From light to rich: a plate of clam fettuccine ($15) had just the right al
dente bite, and was tossed in a thick cream sauce that suggested sybaritically
vast quantities of butter and garlic. Around the dish were arranged sprigs of
oregano and open littleneck clams in the shell.
Along with the pasta we tried the deceptively named "petit filet," ($25), a
thick filet mignon served on the bone. The meat veered a little close to
well-done on the outside (I ordered it medium rare), but next to the bone it
was perfectly rare, and the dark seared outer crust was delicious. It came with
a sweet brown gravy and a pile of mashed sweet potato, a classic upper-crusty
meat 'n' potatoes dish but for one note of New Boston excess: a single ripe fig
on the side, rolled in prosciutto and stuffed with gorgonzola cheese.
Full after both our dinners, we tried only two desserts. The "goat cheesecake"
was mild to a fault, memorable only for the nice lemony skin on top.

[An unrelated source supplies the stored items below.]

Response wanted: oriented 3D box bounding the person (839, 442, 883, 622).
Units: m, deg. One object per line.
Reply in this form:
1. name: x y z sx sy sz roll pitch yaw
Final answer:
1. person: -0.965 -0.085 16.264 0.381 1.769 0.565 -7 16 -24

A plate
with three citrus sorbets had one scoop each of sticky-good grapefruit, orange,
and lemon, garnished with peeled sections of fruit.
Our servers were formal but helpful; one waitress steered me away from the
pinot noir
flight and toward the "A.B.C." -- a better value (four glasses
instead of three) and, she said, better wines. The room itself is divided by a
stately wine-storage cabinet into a small dining room (complete with fireplace)
and a larger bar area, with very comfortable booths. The eponymous vault, by
the way, is located downstairs from the bar: it's a magnificent, thick-doored
old bank vault of the sort that you see in a lot of downtown buildings. The
door is left slightly ajar, so of course I stuck my head in; but
disappointingly, all that steel was guarding not wine but a supply closet.